NEW YORK SUPREME COURT, APPELLATE DIVISION, FIRST DEPARTMENT


May 5, 2009

EVEREADY INSURANCE COMPANY, PLAINTIFF-APPELLANT,
v.
ILLINOIS NATIONAL INSURANCE COMPANY, DEFENDANT, AMERICAN HOME ASSURANCE COMPANY, DEFENDANT-RESPONDENT.

Order, Supreme Court, New York County (Walter B. Tolub, J.), entered on or about September 26, 2007, which, in a declaratory judgment action between insurers involving the parties' respective obligations to contribute to the settlement of an underlying action, upon the parties' respective motions for summary judgment, declared, inter alia, that plaintiff is a primary insurer and defendant-respondent an excess insurer, and that defendant is not required to contribute in the proportion that the limits of its policy bears to the total of the limits of both its policy and plaintiff's policy, unanimously affirmed, without costs.

Published by New York State Law Reporting Bureau pursuant to Judiciary Law § 431.

This opinion is uncorrected and subject to revision before publication in the Official Reports.

Gonzalez, P.J., Buckley, Catterson, McGuire, Renwick, JJ.

102623/05

The clear and unambiguous "other insurance" clause of defendant's policy limits its policy to "excess" coverage where a covered accident involves a vehicle not owned by its insured, Dominos Pizza.

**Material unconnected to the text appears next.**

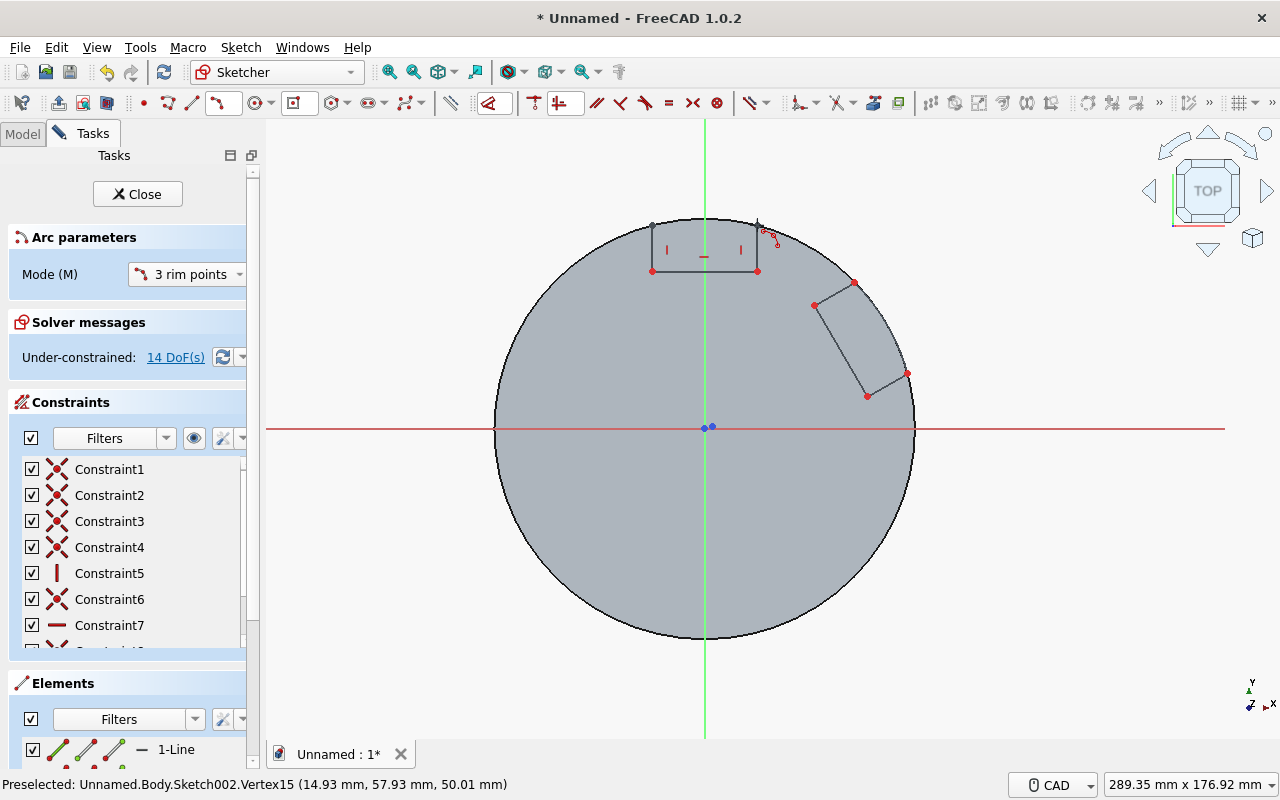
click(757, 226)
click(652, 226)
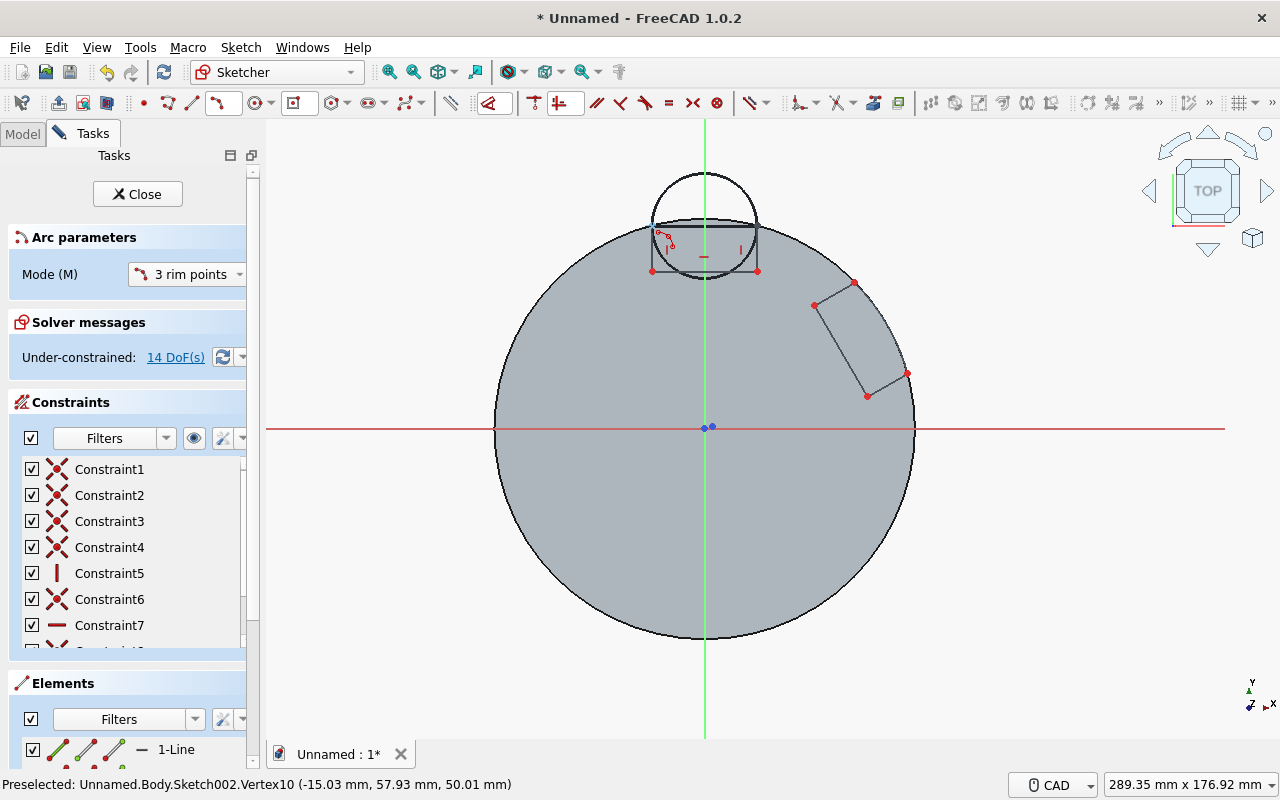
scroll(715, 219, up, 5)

As it was undisputed that the vehicle involved in the accident belonged to plaintiff's insured, a deliveryman for Dominos Pizza who was making a pizza delivery, defendant is an excess insurer required to contribute to the settlement only after the exhaustion of plaintiff's policy (Federal Ins. Co. v Ryder Truck Rental, 189 AD2d 582, affd 82 NY2d 909 [1994]). There is no merit to plaintiff's argument that this "excess" provision of the other insurance clause is contradicted and negated by the "proportionate payment" provision of the same clause. The latter, by its terms, only applies to coverage that is "on the same basis," i.e., where the policy is primary and there are other primary policies, the policy will pay pro rata with the other primary policies, and where the policy is excess and there are other excess policies, the policy will pay pro rata with the other excess policies (General Acc. Fire & Life Assur. Corp. v Piazza, 4 NY2d 659, 669). Here, plaintiff's policy is primary and defendant's policy is excess.

THIS CONSTITUTES THE DECISION AND ORDER OF THE SUPREME COURT, APPELLATE DIVISION, FIRST DEPARTMENT.